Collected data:
*** Block opens ***
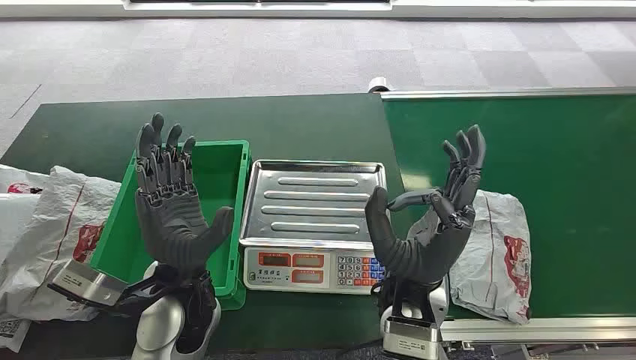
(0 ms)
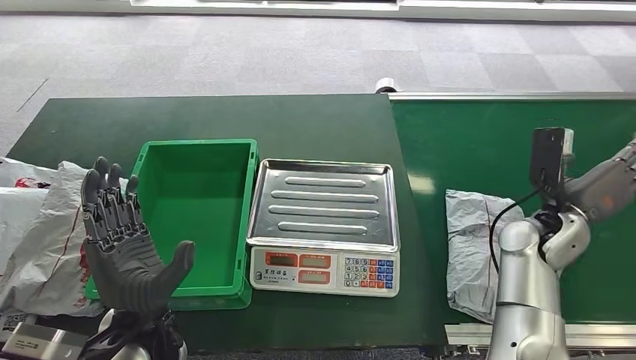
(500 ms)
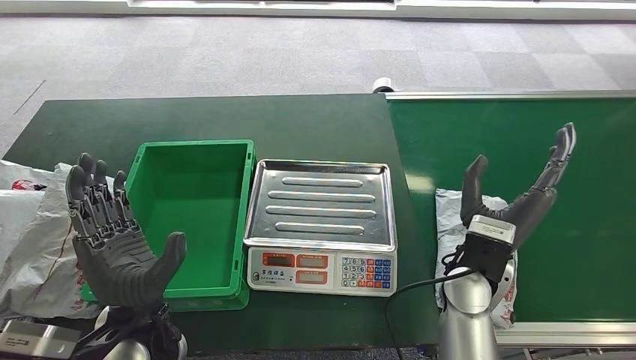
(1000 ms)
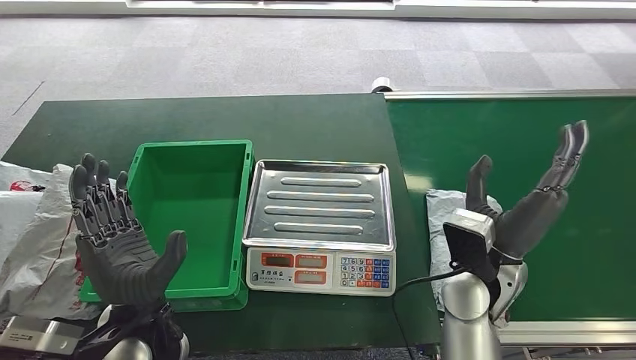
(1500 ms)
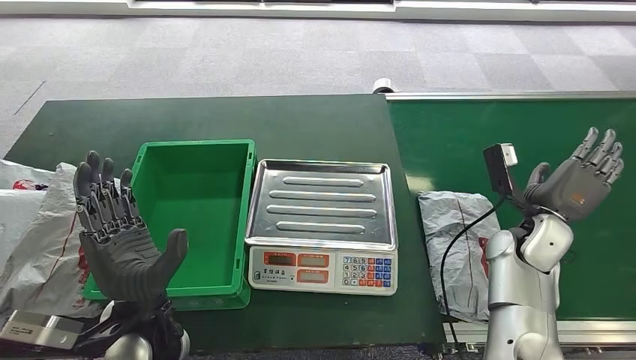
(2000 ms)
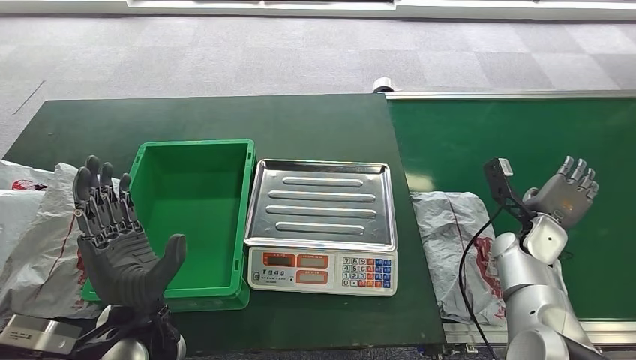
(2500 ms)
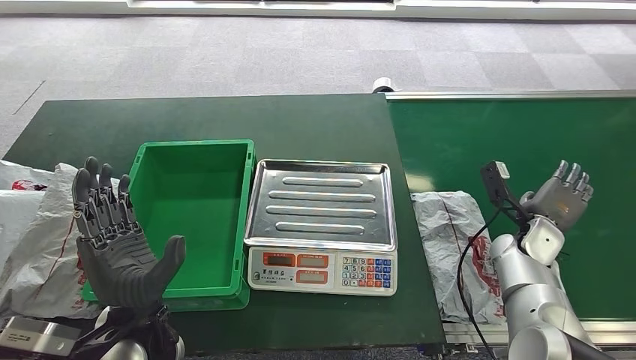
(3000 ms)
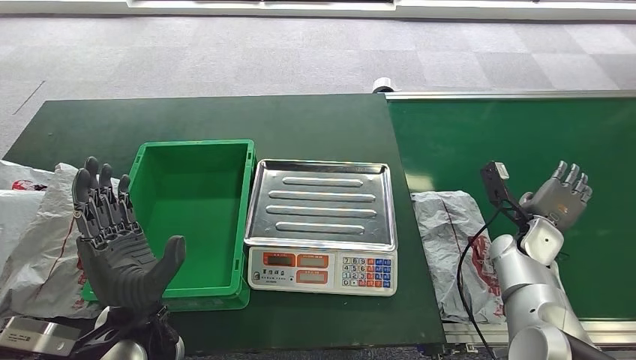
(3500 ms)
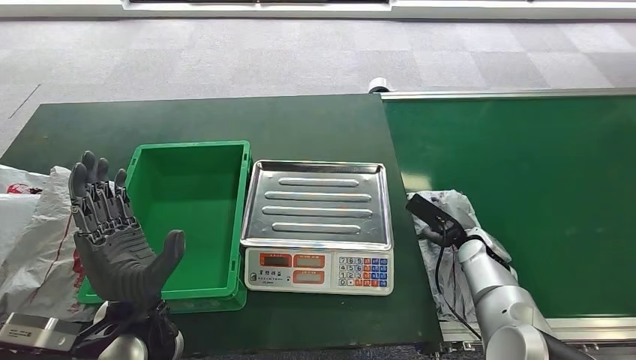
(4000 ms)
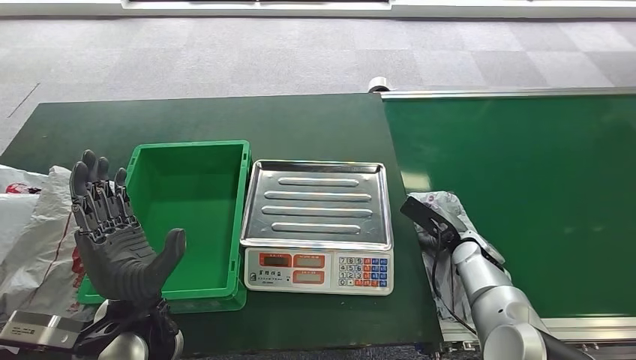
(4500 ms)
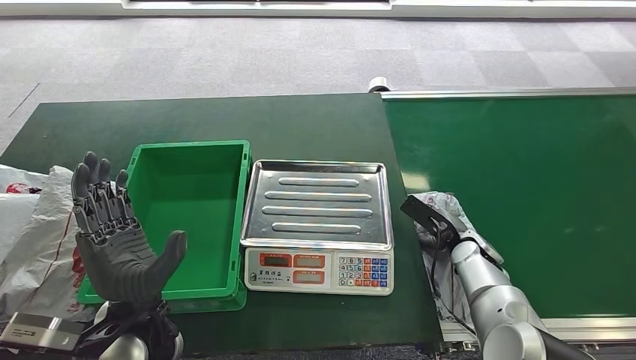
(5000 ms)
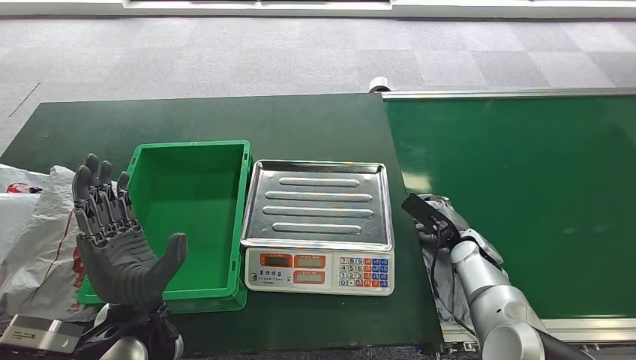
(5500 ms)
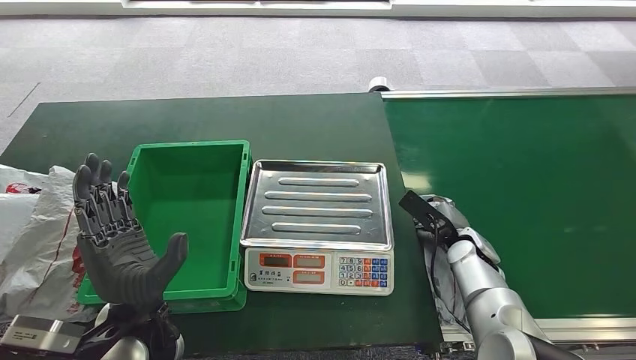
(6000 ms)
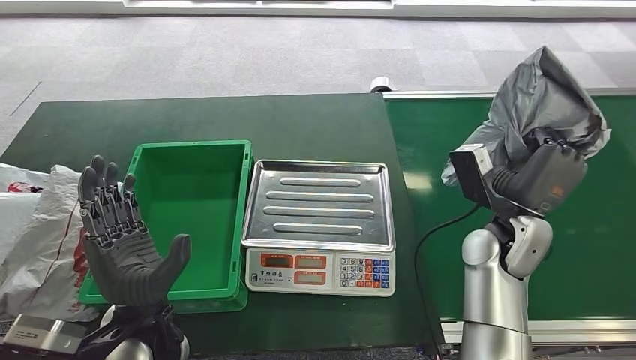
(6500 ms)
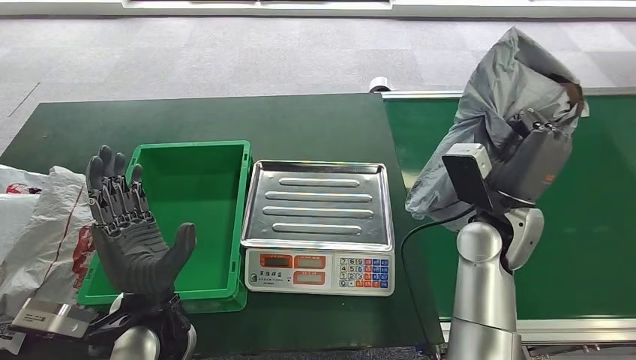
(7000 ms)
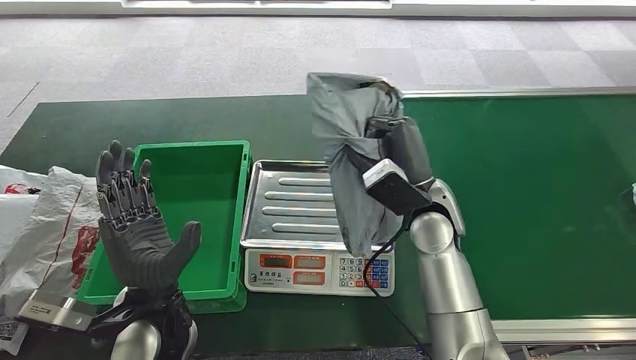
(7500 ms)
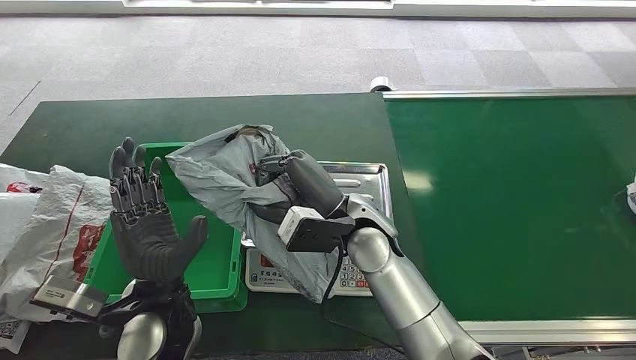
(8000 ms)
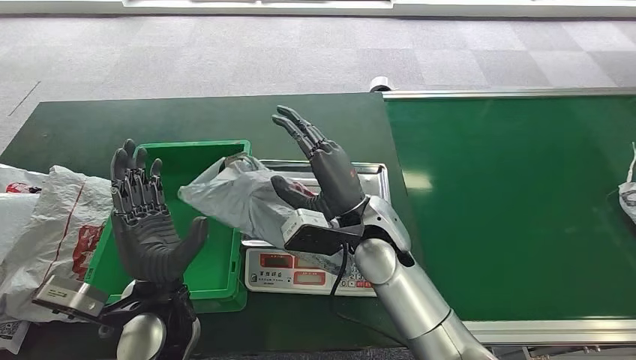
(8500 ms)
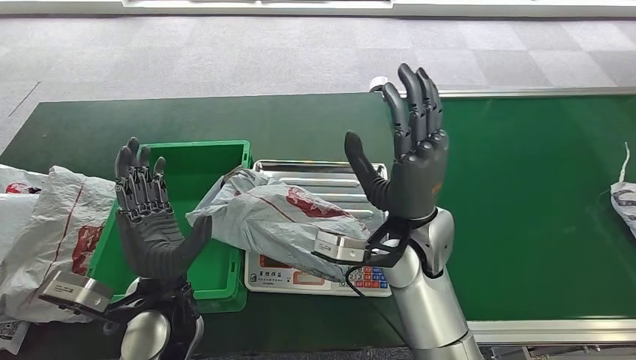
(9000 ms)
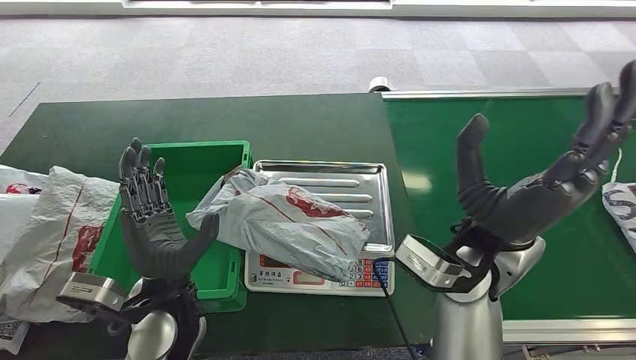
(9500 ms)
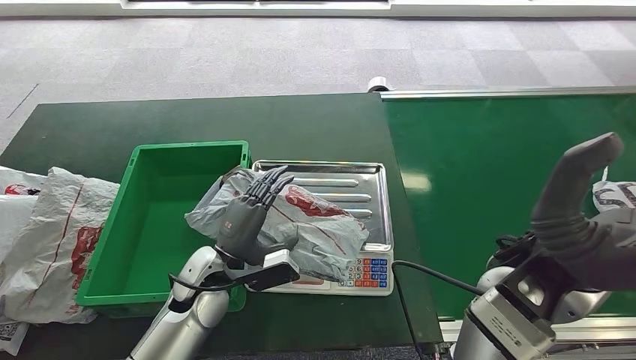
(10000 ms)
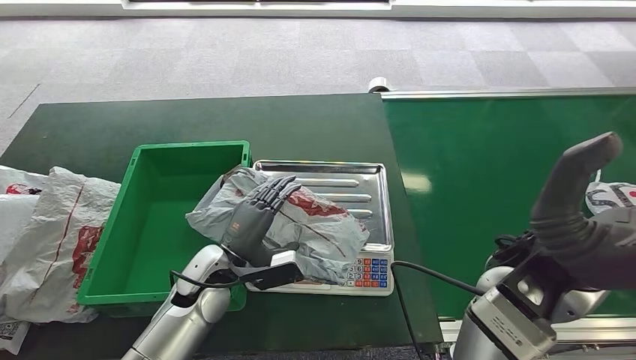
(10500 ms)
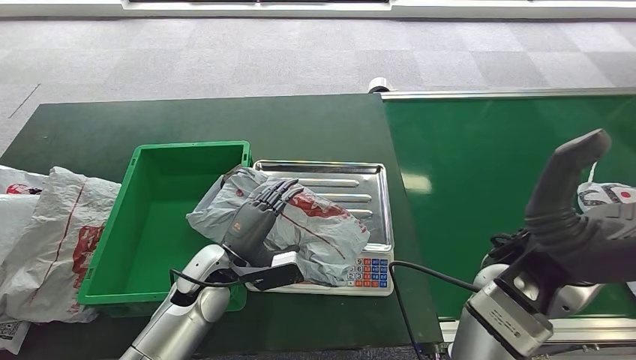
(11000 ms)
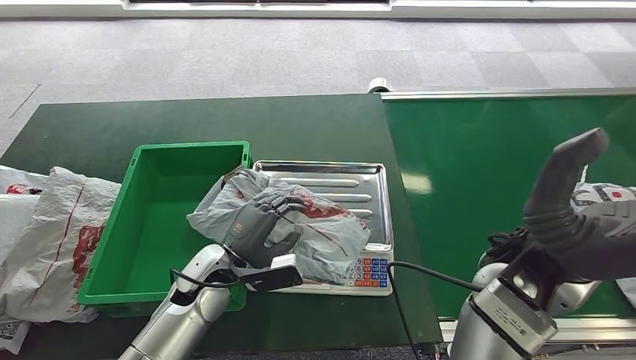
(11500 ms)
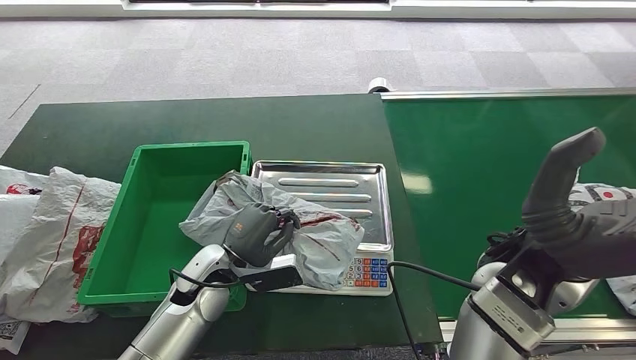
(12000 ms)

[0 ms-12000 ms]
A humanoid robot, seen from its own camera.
*** Block closes ***
WORK INSTRUCTIONS => Transcribe the records above exactly, excluding every picture.

RESULT =>
(0 ms)
(500 ms)
(1000 ms)
(1500 ms)
(2000 ms)
(2500 ms)
(3000 ms)
(3500 ms)
(4000 ms)
(4500 ms)
(5000 ms)
(5500 ms)
(6000 ms)
(6500 ms)
(7000 ms)
(7500 ms)
(8000 ms)
(8500 ms)
(9000 ms)
(9500 ms)
(10000 ms)
(10500 ms)
(11000 ms)
(11500 ms)
(12000 ms)

[0 ms-12000 ms]
A humanoid robot, seen from its own camera.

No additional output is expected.